REPUBLIKA.CO.ID, AUSTRALIA -- Profesi apoteker di Australia tampaknya tengah menjadi target aksi penyanderaan data komputer yang dikenal dengan sebutan serangan Ransomware. Aksi kejahatan di dunia maya ini mengunci seluruh data arsip di komputer korban dan meminta tebusan. Setahun belakangan sudah belasan apoteker menjadi korban.
Serangan penyanderaan komputer ini dimulai ketika peretas menanamkan virus di dalam sistem komputer korban yang kemudian secara perlahan-lahan akan mengunci semua file yang tersimpan di komputer tersebut sehingga tidak bisa diakses. Korban lalu diberikan tenggat waktu tertentu untuk membayar tebusan sebelum seluruh file di komputernya yang sudah dibajak dimusnahkan.
Mengingat saat ini apoteker telah beralih ke teknologi digital, catatan kesehatan yang mereka miliki menjadi sasaran empuk pelaku kejahatan penyanderaan online seperti ini.
Dewan Farmasi Australia menerbitkan peringatan mengenai ancaman kejahatan penyanderaan 'Ransomware' ini. Setidaknya sudah 10 orang apoteker di Australia menjadi sasaran serangan penyanderaan Ransomware dalam kurun waktu 18 bulan terakhir.
Kepala Dewan Farmasi Australia, Stephen Marty mengatakan apoteker perlu waspada mengenai bahaya yang akan terjadi jika catatan kesehatan pasien ini dikompromikan. "Jika serangan seperti ini terjadi mereka tidak bisa memastikan keamanan pasien dalam hal pengobatan sebelumnya dan lain sebagainya,” katanya.

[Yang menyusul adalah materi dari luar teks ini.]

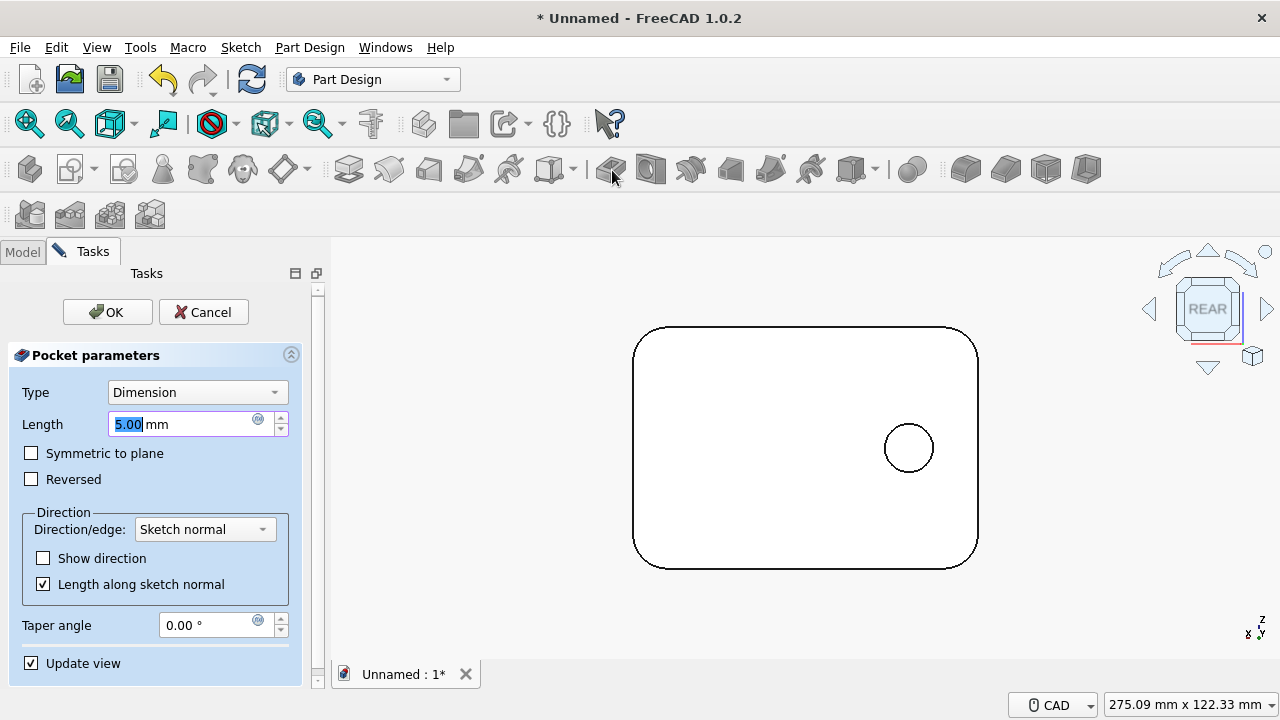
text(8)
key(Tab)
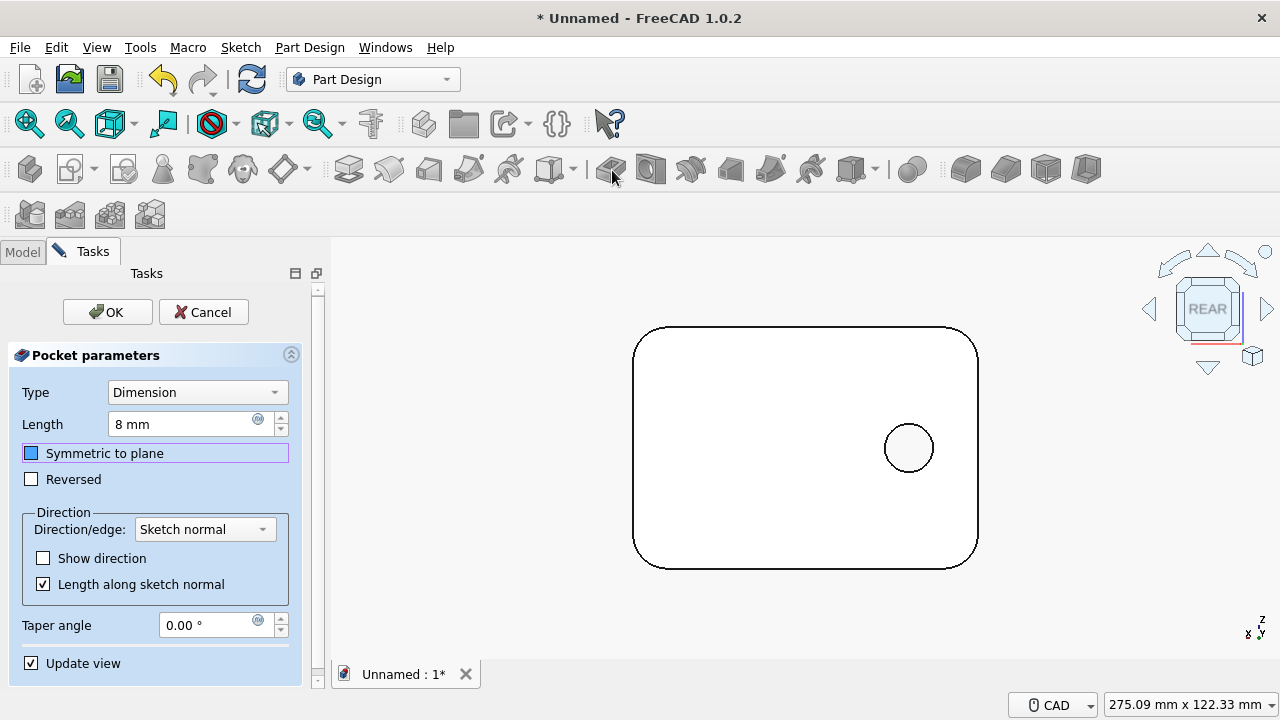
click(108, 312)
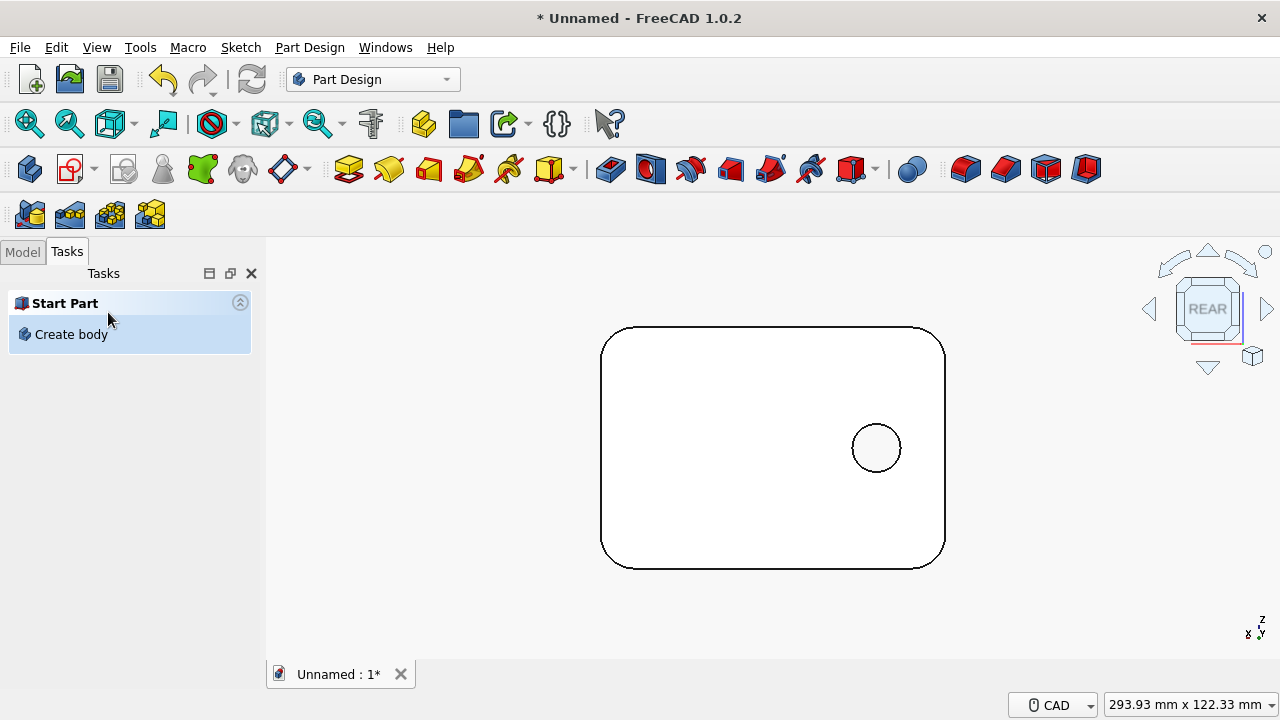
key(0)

"Jika filenya terhapus pasien tidak bisa lagi mengakses semua data kesehatan dirinya yang mungkin diperlukan beberapa tahun ke depan karena catatan kesehatan mereka telah dikunci oleh pembajak online ini,” katanya.

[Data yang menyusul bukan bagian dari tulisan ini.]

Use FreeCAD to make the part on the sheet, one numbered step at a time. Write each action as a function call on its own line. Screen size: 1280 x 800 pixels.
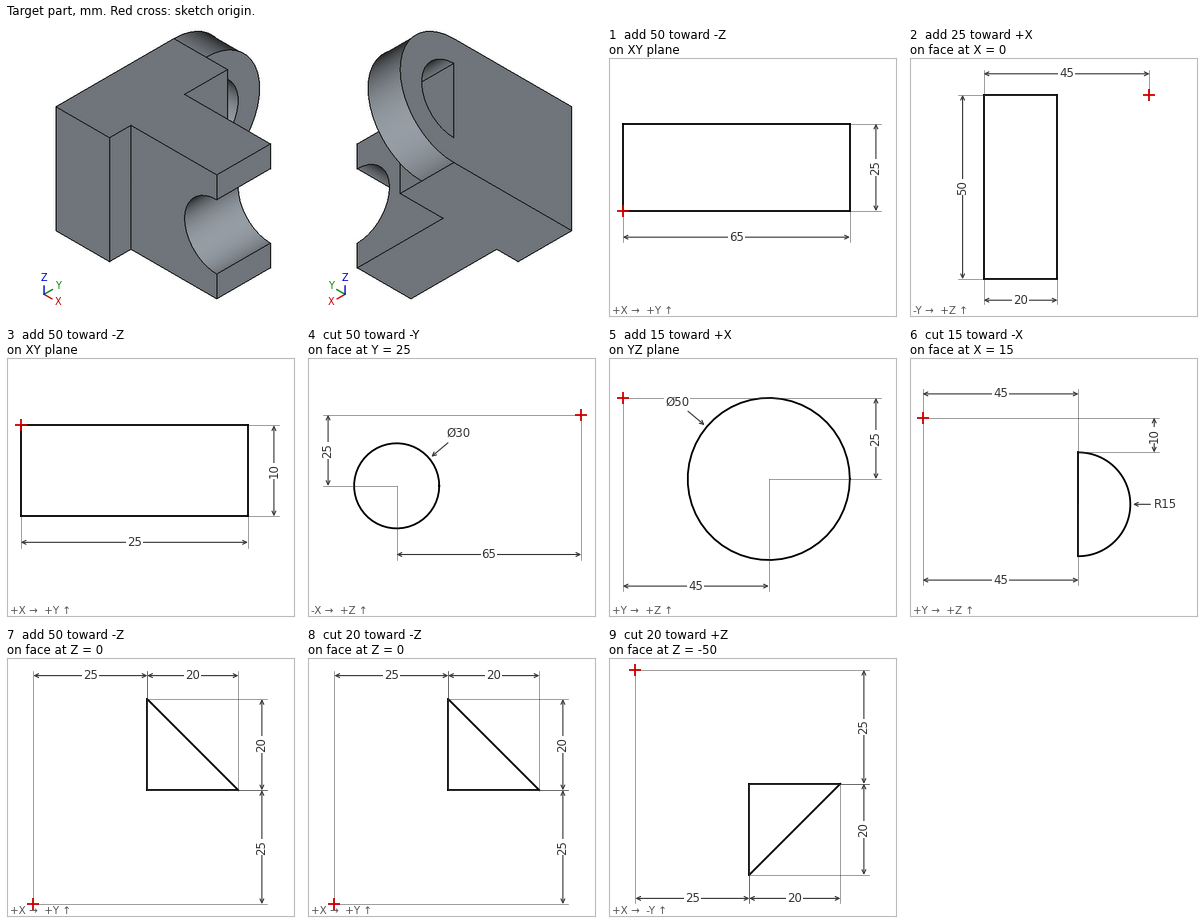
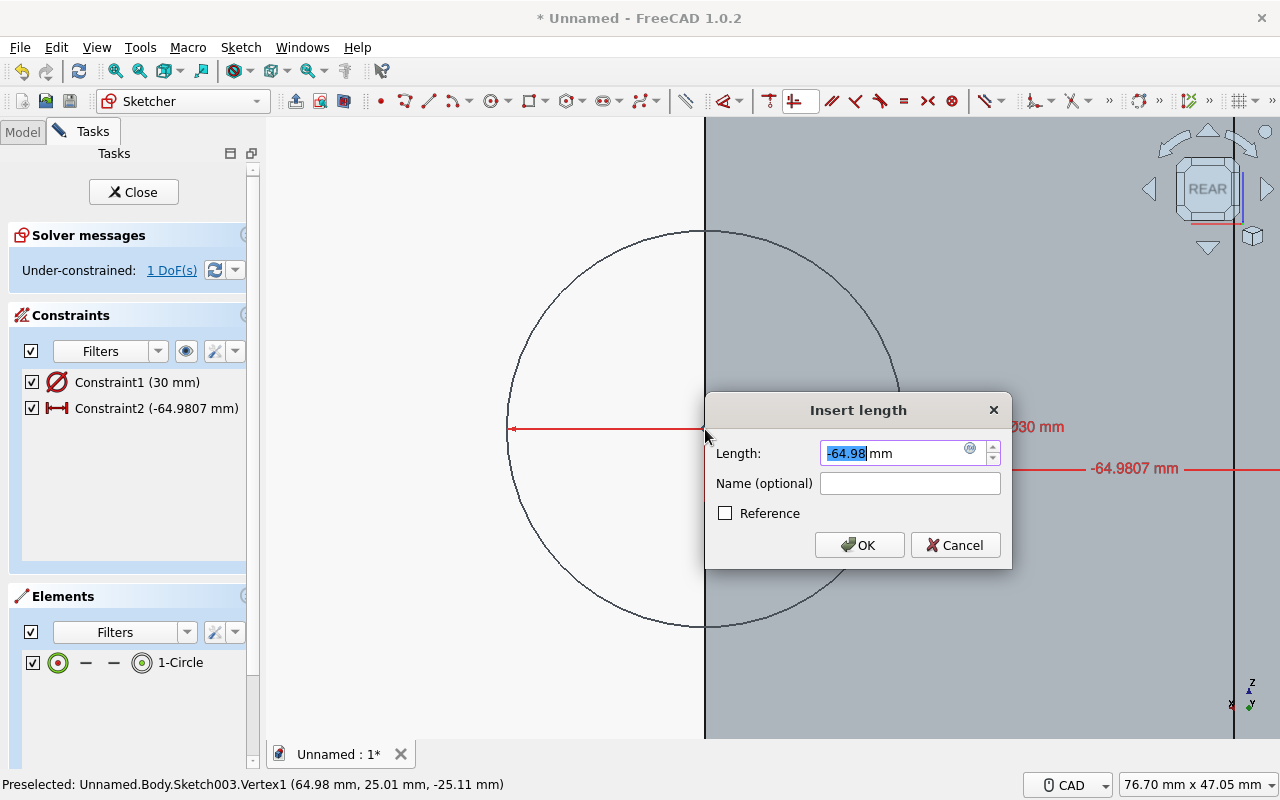
text(-65)
key(Return)

Pusat Kesehatan Keluarga Miami di Gold Coast pernah menjadi korban serangan pembajakan online Ransomware ini. Namun pemiliknya David Woods menolak membayar tebusan dan berhasil memulihkan sistem di komputernya karena memiliki salinan data.
David Woods menyayangkan tidak adanya pedoman bagi pengusaha untuk mengamankan dokumen mereka dari kejahatan ini.